### Excerpted data
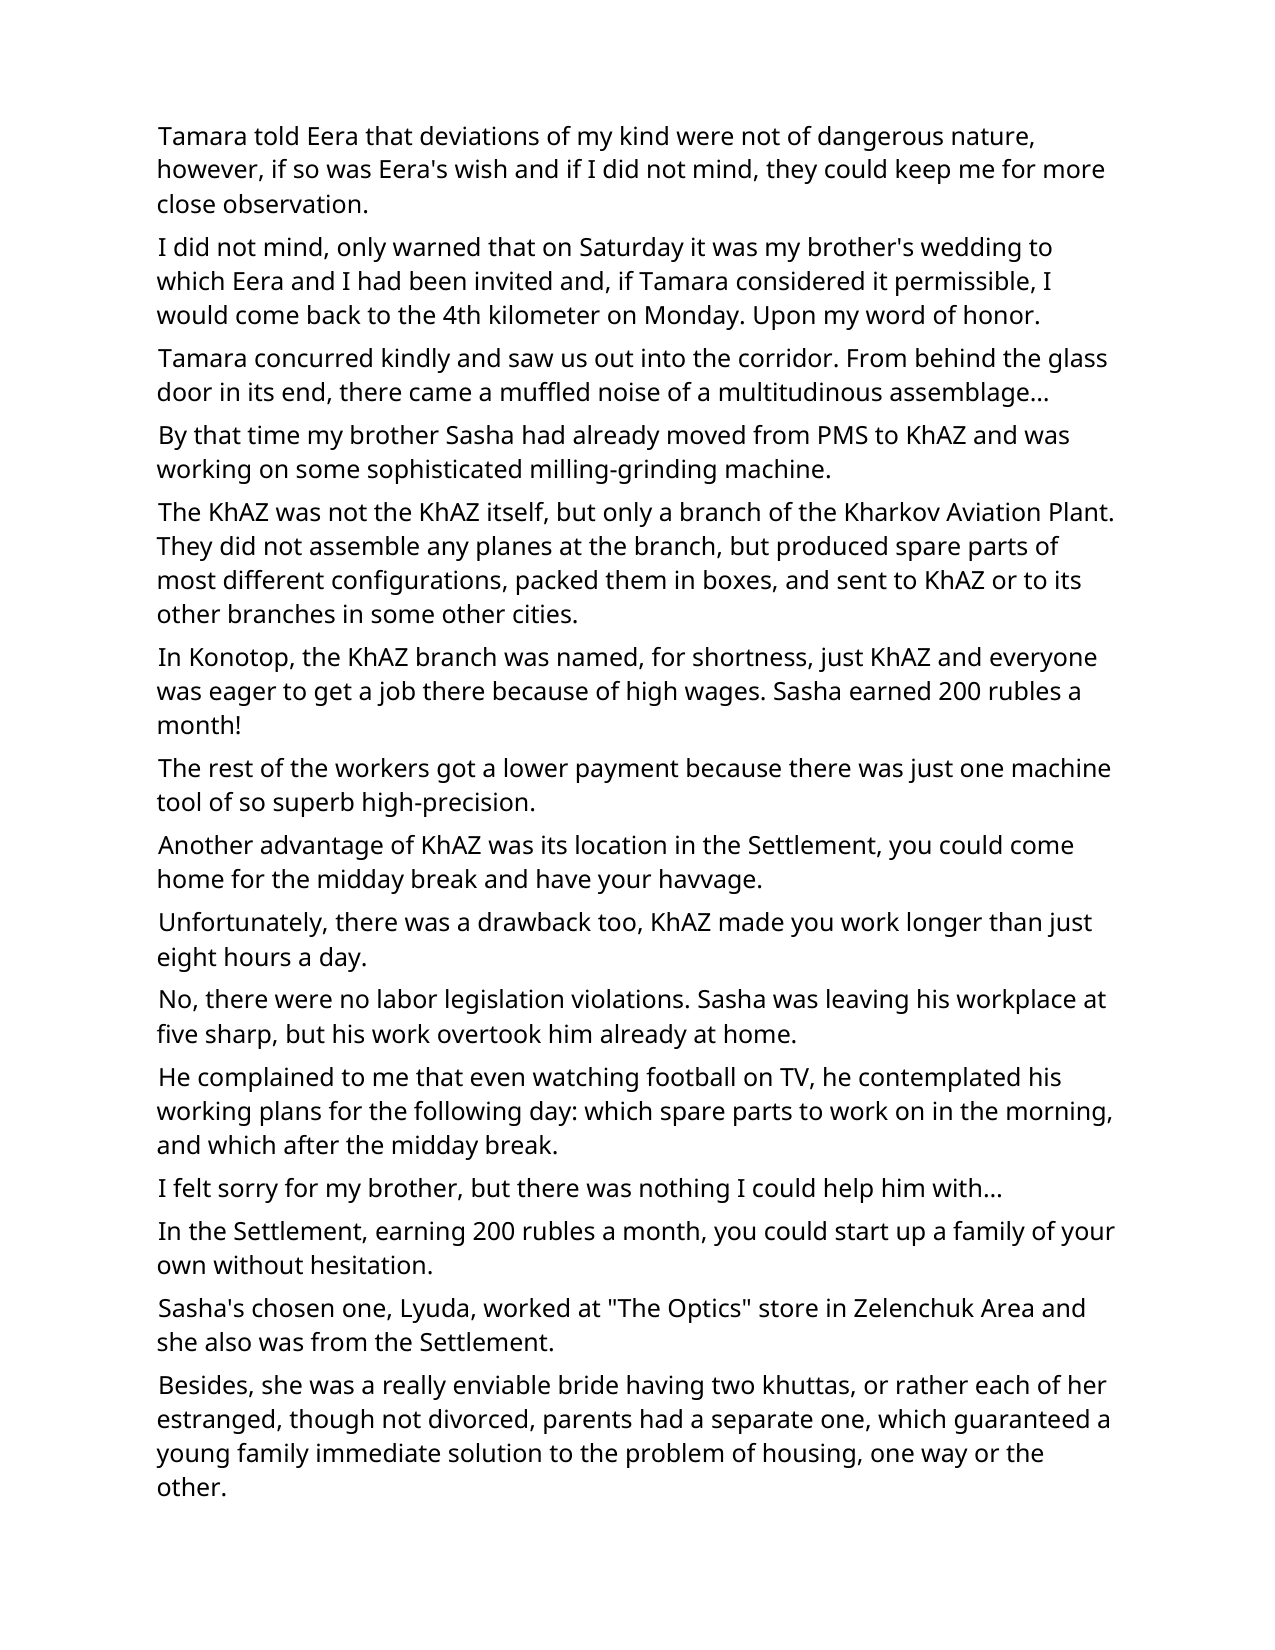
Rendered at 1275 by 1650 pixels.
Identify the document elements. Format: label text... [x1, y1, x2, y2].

text Unfortunately, there was a drawback too, KhAZ made you work longer than just eight hours a day. [156, 905, 1118, 973]
text He complained to me that even watching football on TV, he contemplated his working plans for the following day: which spare parts to work on in the morning, and which after the midday break. [156, 1059, 1118, 1161]
text The rest of the workers got a lower payment because there was just one machine tool of so superb high-precision. [156, 751, 1118, 819]
text By that time my brother Sasha had already moved from PMS to KhAZ and was working on some sophisticated milling-grinding machine. [156, 417, 1118, 486]
text Sasha's chosen one, Lyuda, worked at "The Optics" store in Zelenchuk Area and she also was from the Settlement. [156, 1291, 1118, 1359]
text Besides, she was a really enviable bride having two khuttas, or rather each of her estranged, though not divorced, parents had a separate one, which guaranteed a young family immediate solution to the problem of housing, one way or the other. [156, 1368, 1118, 1504]
text I did not mind, only warned that on Saturday it was my brother's wedding to which Eera and I had been invited and, if Tamara considered it permissible, I would come back to the 4th kilometer on Monday. Upon my word of honor. [156, 229, 1118, 331]
text I felt sorry for my brother, but there was nothing I could help him with… [156, 1170, 1118, 1204]
text Tamara concurred kindly and saw us out into the corridor. From behind the glass door in its end, there came a muffled noise of a multitudinous assemblage… [156, 340, 1118, 408]
text Another advantage of KhAZ was its location in the Settlement, you could come home for the midday break and have your havvage. [156, 828, 1118, 896]
text In Konotop, the KhAZ branch was named, for shortness, just KhAZ and everyone was eager to get a job there because of high wages. Sasha earned 200 rubles a month! [156, 640, 1118, 742]
text Tamara told Eera that deviations of my kind were not of dangerous nature, however, if so was Eera's wish and if I did not mind, they could keep me for more close observation. [156, 118, 1118, 220]
text The KhAZ was not the KhAZ itself, but only a branch of the Kharkov Aviation Plant. They did not assemble any planes at the branch, but produced spare parts of most different configurations, packed them in boxes, and sent to KhAZ or to its other branches in some other cities. [156, 494, 1118, 631]
text In the Settlement, earning 200 rubles a month, you could start up a family of your own without hesitation. [156, 1213, 1118, 1282]
text No, there were no labor legislation violations. Sasha was leaving his workplace at five sharp, but his work overtook him already at home. [156, 982, 1118, 1050]
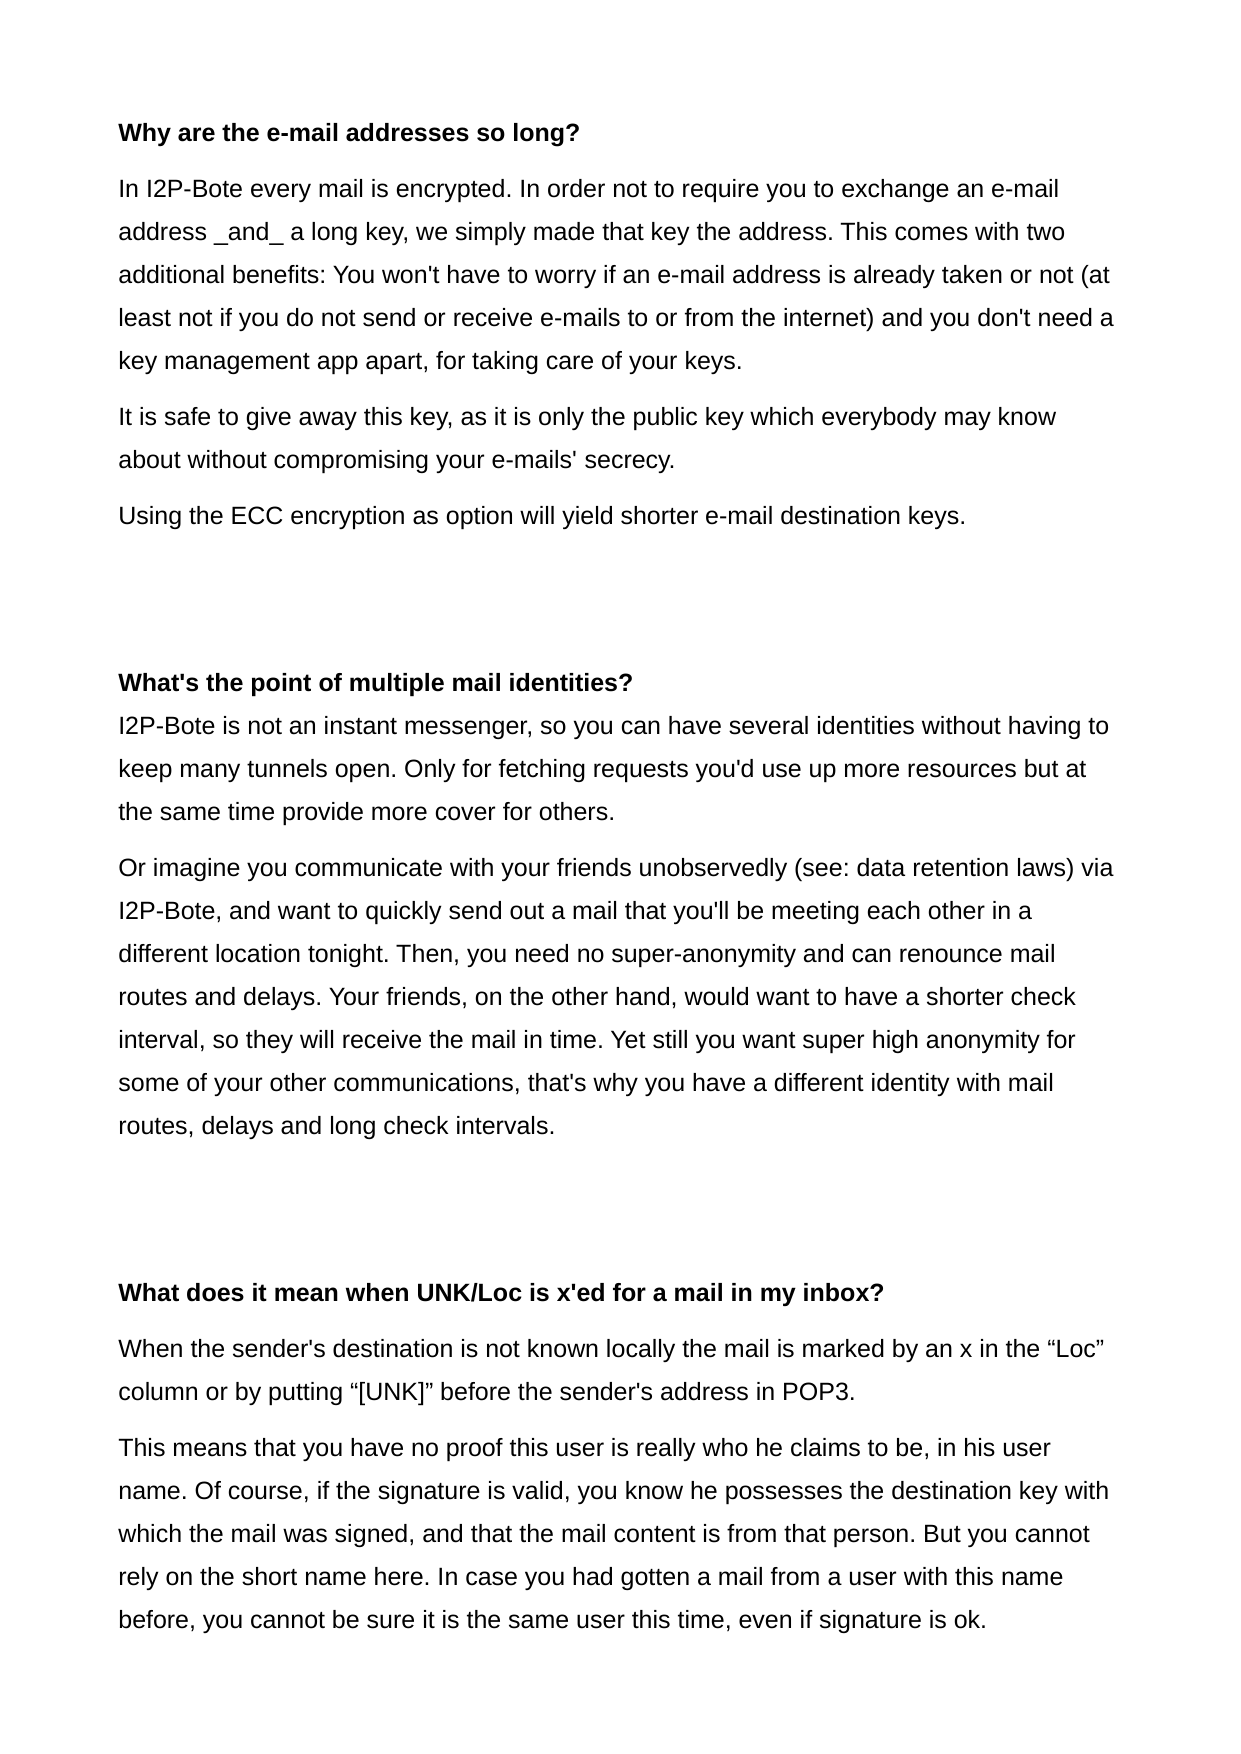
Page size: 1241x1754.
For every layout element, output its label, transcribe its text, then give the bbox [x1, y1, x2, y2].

text When the sender's destination is not known locally the mail is marked by an x in the “Loc” column or by putting “[UNK]” before the sender's address in POP3. [118, 1334, 1122, 1406]
text It is safe to give away this key, as it is only the public key which everybody may know about without compromising your e-mails' secrecy. [118, 402, 1122, 474]
text What does it mean when UNK/Loc is x'ed for a mail in my inbox? [118, 1278, 1122, 1307]
text Using the ECC encryption as option will yield shorter e-mail destination keys. [118, 501, 1122, 529]
text Or imagine you communicate with your friends unobservedly (see: data retention laws) via I2P-Bote, and want to quickly send out a mail that you'll be meeting each other in a different location tonight. Then, you need no super-anonymity and can renounce mail routes and delays. Your friends, on the other hand, would want to have a shorter check interval, so they will receive the mail in time. Yet still you want super high anonymity for some of your other communications, that's why you have a different identity with mail routes, delays and long check intervals. [118, 852, 1122, 1140]
text Why are the e-mail addresses so long? [118, 118, 1122, 147]
text I2P-Bote is not an instant messenger, so you can have several identities without having to keep many tunnels open. Only for fetching requests you'd use up more resources but at the same time provide more cover for others. [118, 711, 1122, 826]
text In I2P-Bote every mail is encrypted. In order not to require you to exchange an e-mail address _and_ a long key, we simply made that key the address. This comes with two additional benefits: You won't have to worry if an e-mail address is already taken or not (at least not if you do not send or receive e-mails to or from the internet) and you don't need a key management app apart, for taking care of your keys. [118, 174, 1122, 375]
text What's the point of multiple mail identities? [118, 667, 1122, 696]
text This means that you have no proof this user is really who he claims to be, in his user name. Of course, if the signature is valid, you know he possesses the destination key with which the mail was signed, and that the mail content is from that person. But you cannot rely on the short name here. In case you had gotten a mail from a user with this name before, you cannot be sure it is the same user this time, even if signature is ok. [118, 1432, 1122, 1634]

### What the task asks
Return exactly the lines of the data, beginning with the first and ending with the line containing "text Unfortunately, there". Skip the pictures.

### Task answer
Rendered at 1275 by 1650 pixels.
Identify the document elements. Format: label text... [x1, y1, x2, y2].

text Unfortunately, there was a drawback too, KhAZ made you work longer than just eight hours a day. [156, 905, 1118, 973]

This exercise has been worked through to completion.